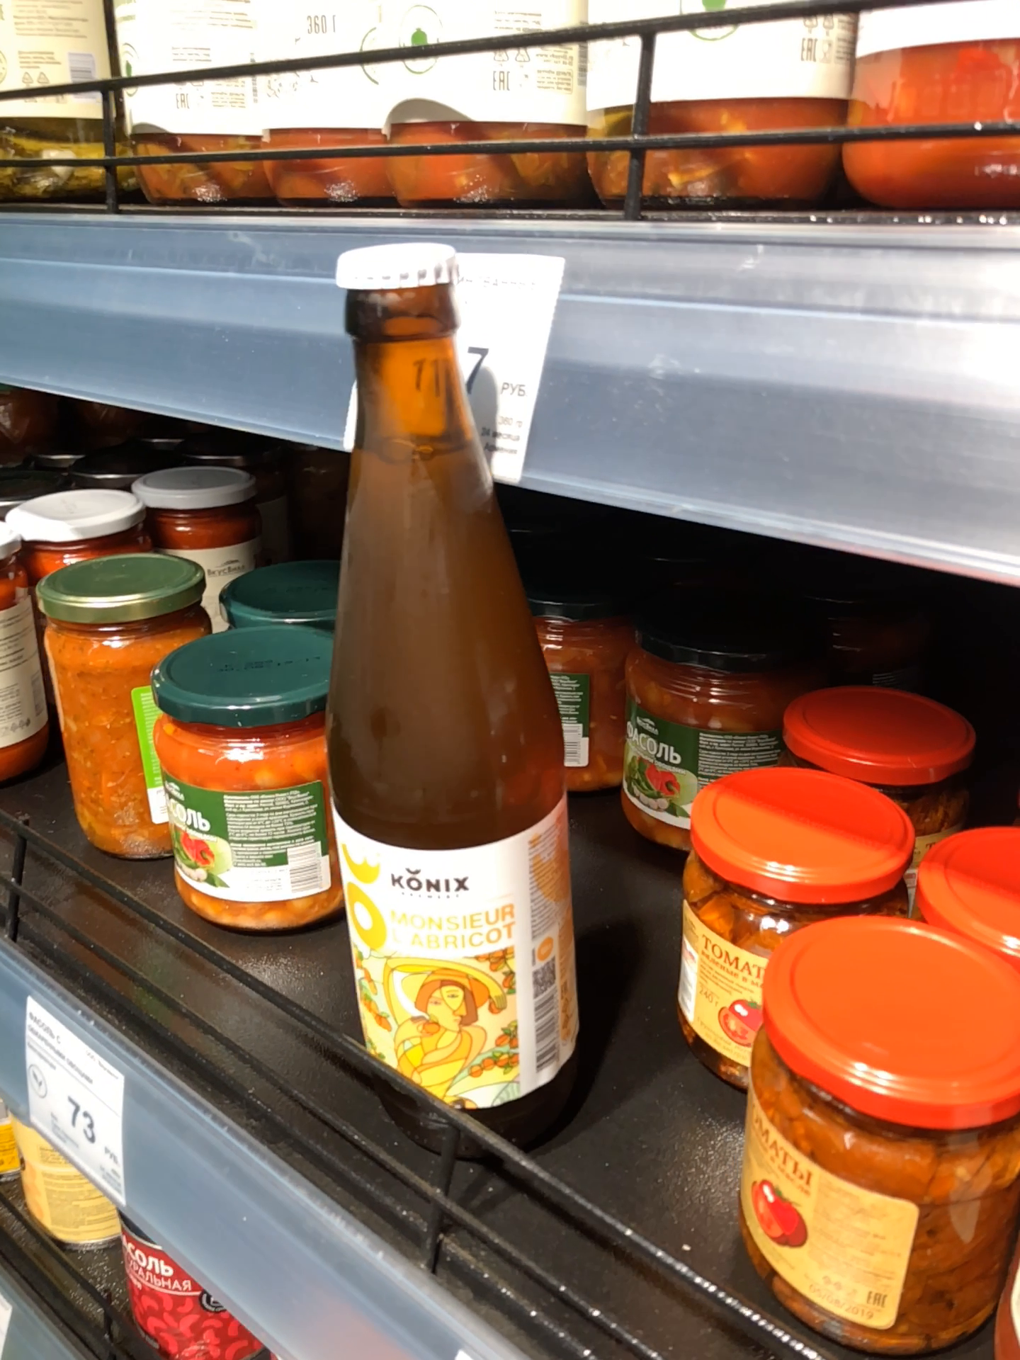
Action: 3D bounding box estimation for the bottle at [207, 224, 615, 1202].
[{"bbox_3d":[-0.014,0.014,0.301,0.070,0.249,0.070,-2,24,1],"label":"bottle"}]
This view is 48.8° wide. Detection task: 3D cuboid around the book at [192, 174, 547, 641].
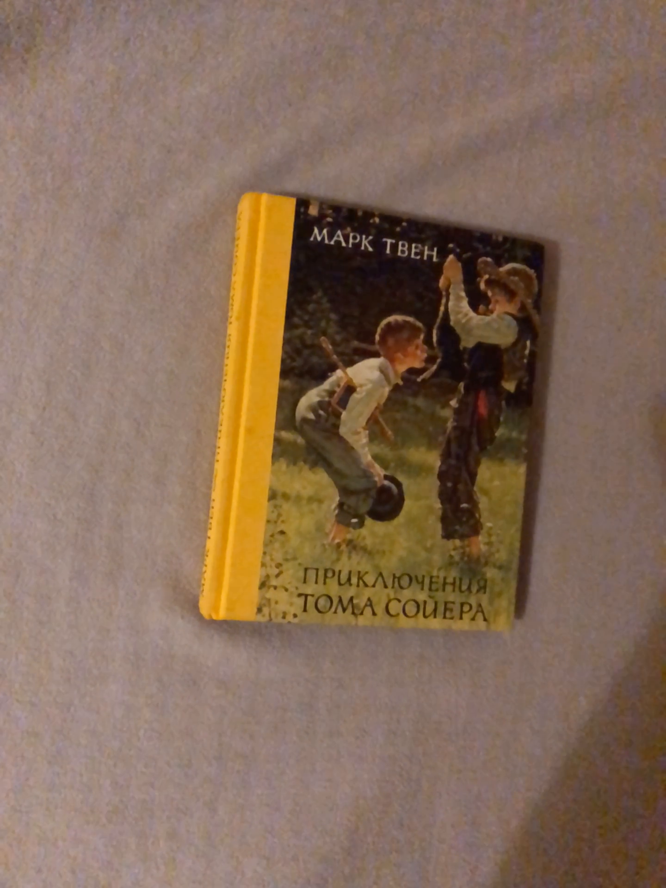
[{"bbox_3d":[0.023,-0.014,0.395,0.171,0.030,0.224,6,86,-14],"label":"book"}]
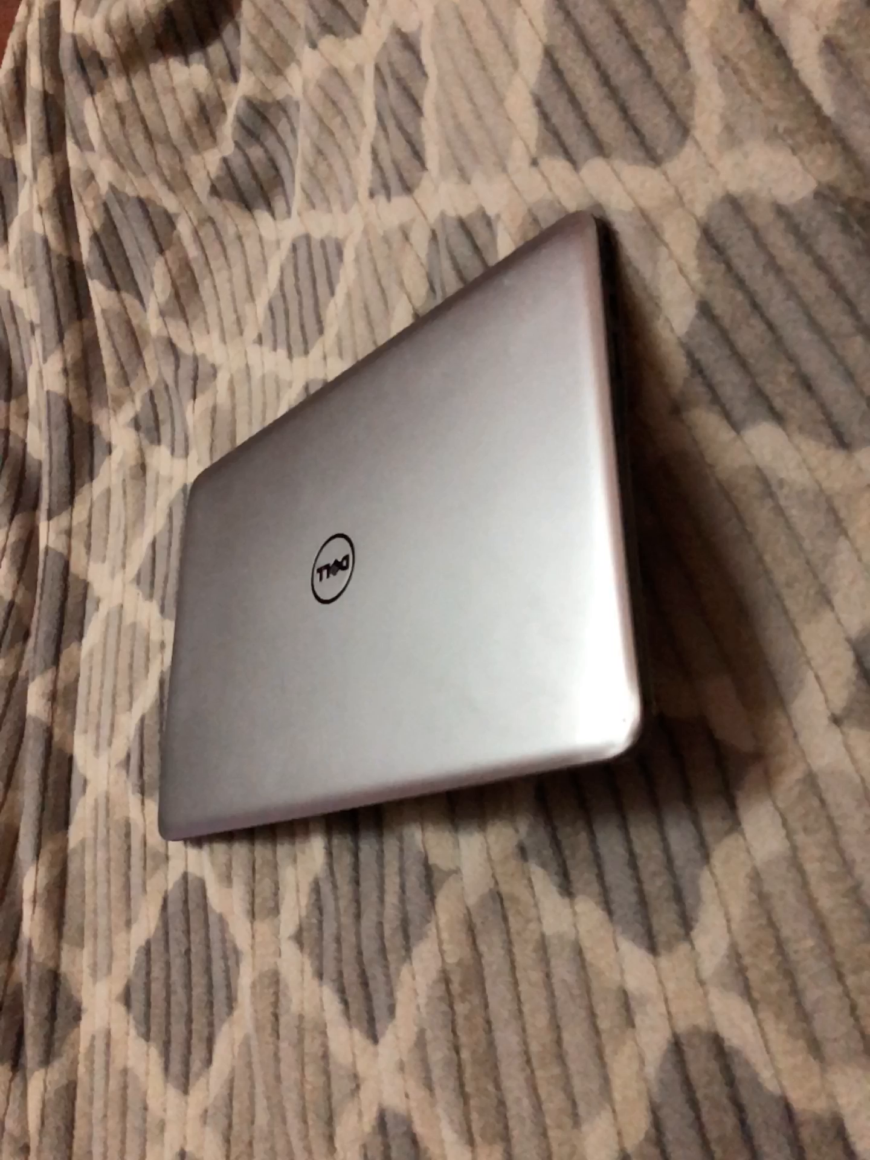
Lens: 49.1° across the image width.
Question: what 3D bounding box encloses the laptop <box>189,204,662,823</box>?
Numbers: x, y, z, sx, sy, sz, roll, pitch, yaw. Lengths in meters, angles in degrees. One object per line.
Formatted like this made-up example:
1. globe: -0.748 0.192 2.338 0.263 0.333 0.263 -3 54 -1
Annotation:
1. laptop: -0.038 -0.011 0.536 0.360 0.007 0.252 -23 61 43
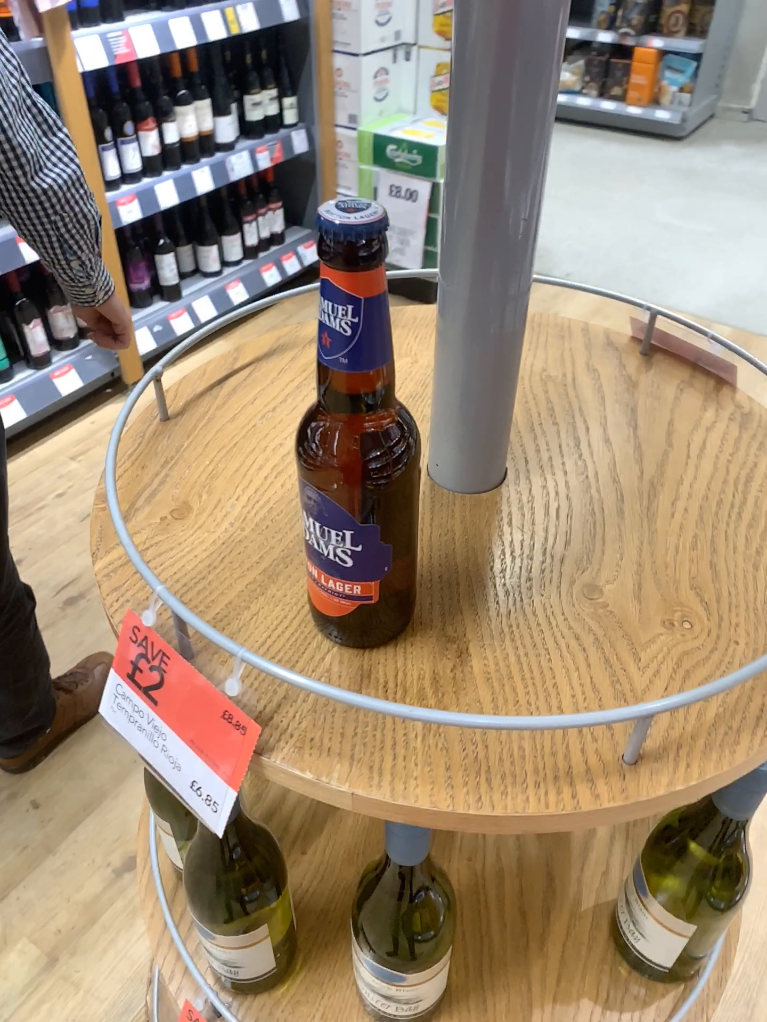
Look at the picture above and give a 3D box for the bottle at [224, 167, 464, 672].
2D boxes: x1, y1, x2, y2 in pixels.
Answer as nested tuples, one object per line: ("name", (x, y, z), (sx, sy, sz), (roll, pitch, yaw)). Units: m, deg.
("bottle", (-0.015, -0.030, 0.351), (0.061, 0.211, 0.063), (0, 40, 0))
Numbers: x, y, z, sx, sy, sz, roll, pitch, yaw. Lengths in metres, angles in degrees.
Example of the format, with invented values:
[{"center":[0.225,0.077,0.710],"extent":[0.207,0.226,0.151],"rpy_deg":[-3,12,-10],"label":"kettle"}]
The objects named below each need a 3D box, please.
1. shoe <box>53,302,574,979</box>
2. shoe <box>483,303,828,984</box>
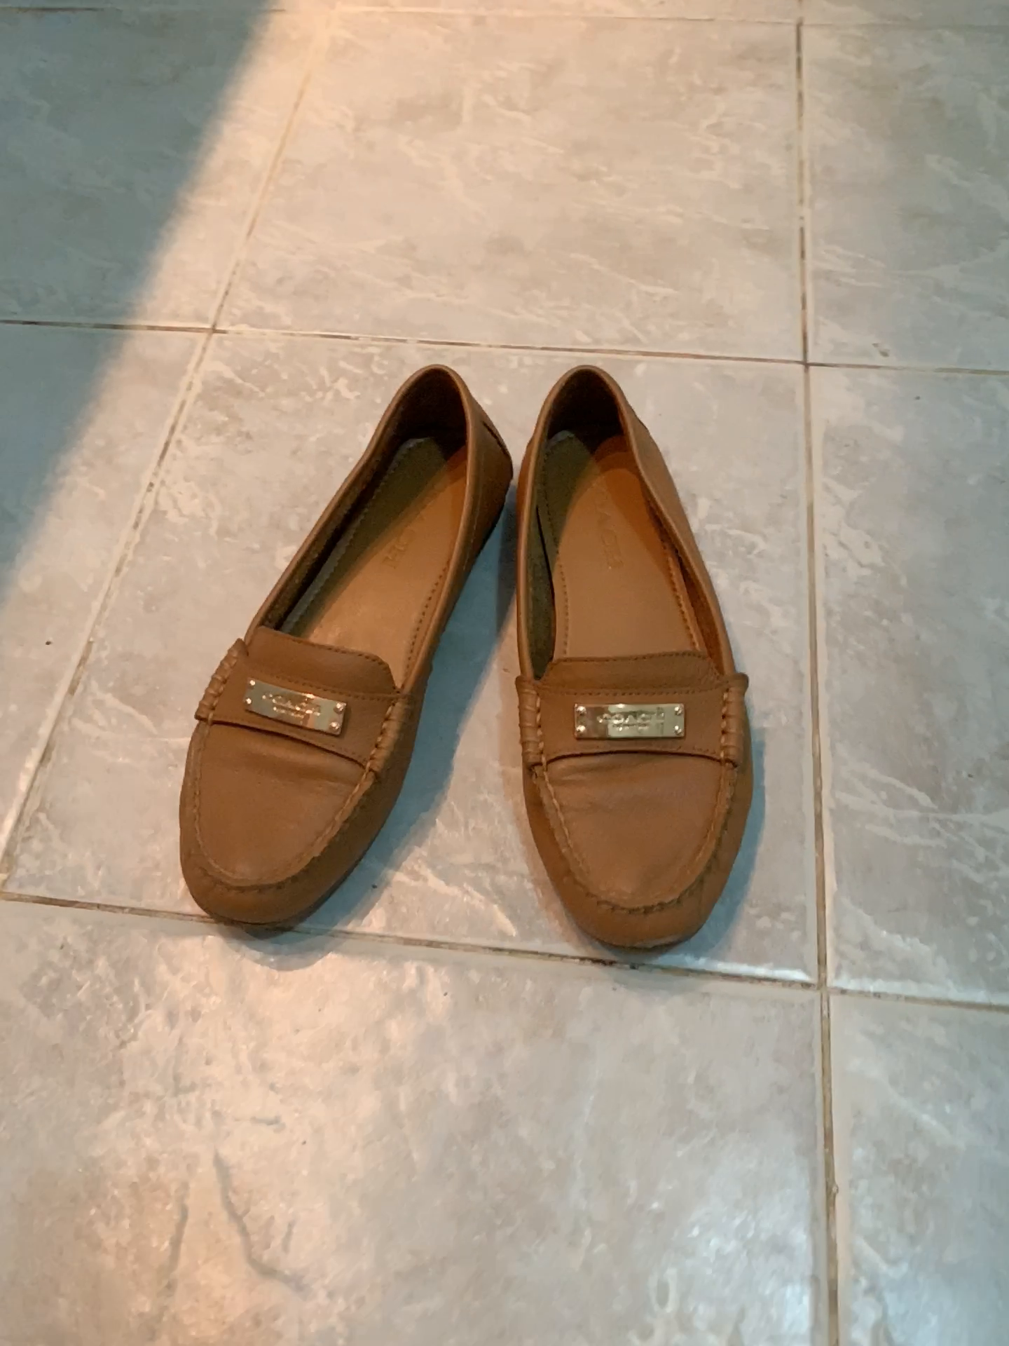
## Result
[{"center":[-0.053,-0.023,0.390],"extent":[0.083,0.071,0.244],"rpy_deg":[17,63,13],"label":"shoe"},{"center":[0.043,-0.021,0.379],"extent":[0.085,0.071,0.243],"rpy_deg":[-4,60,1],"label":"shoe"}]

────────────────────────────────────────

**Task objective**
One exact copy of the data is required, and it should hold no pictures.

**Answer area**
Action: 3D bounding box estimation for the bottle at [207, 224, 615, 1202].
[{"bbox_3d":[-0.014,0.014,0.301,0.070,0.249,0.070,-2,24,1],"label":"bottle"}]
This view is 48.8° wide. Detection task: 3D cuboid around the book at [192, 174, 547, 641].
[{"bbox_3d":[0.023,-0.014,0.395,0.171,0.030,0.224,6,86,-14],"label":"book"}]
Lens: 49.1° across the image width.
Question: what 3D bounding box encloses the laptop <box>189,204,662,823</box>?
Numbers: x, y, z, sx, sy, sz, roll, pitch, yaw. Lengths in meters, angles in degrees. One object per line.
Formatted like this made-up example:
1. globe: -0.748 0.192 2.338 0.263 0.333 0.263 -3 54 -1
Annotation:
1. laptop: -0.038 -0.011 0.536 0.360 0.007 0.252 -23 61 43
Look at the picture above and give a 3D box for the bottle at [224, 167, 464, 672].
2D boxes: x1, y1, x2, y2 in pixels.
Answer as nested tuples, one object per line: ("name", (x, y, z), (sx, sy, sz), (roll, pitch, yaw)). Units: m, deg.
("bottle", (-0.015, -0.030, 0.351), (0.061, 0.211, 0.063), (0, 40, 0))
Numbers: x, y, z, sx, sy, sz, roll, pitch, yaw. Lengths in metres, angles in degrees.
Example of the format, with invented values:
[{"center":[0.225,0.077,0.710],"extent":[0.207,0.226,0.151],"rpy_deg":[-3,12,-10],"label":"kettle"}]
The objects named below each need a 3D box, please.
1. shoe <box>53,302,574,979</box>
2. shoe <box>483,303,828,984</box>
## Result
[{"center":[-0.053,-0.023,0.390],"extent":[0.083,0.071,0.244],"rpy_deg":[17,63,13],"label":"shoe"},{"center":[0.043,-0.021,0.379],"extent":[0.085,0.071,0.243],"rpy_deg":[-4,60,1],"label":"shoe"}]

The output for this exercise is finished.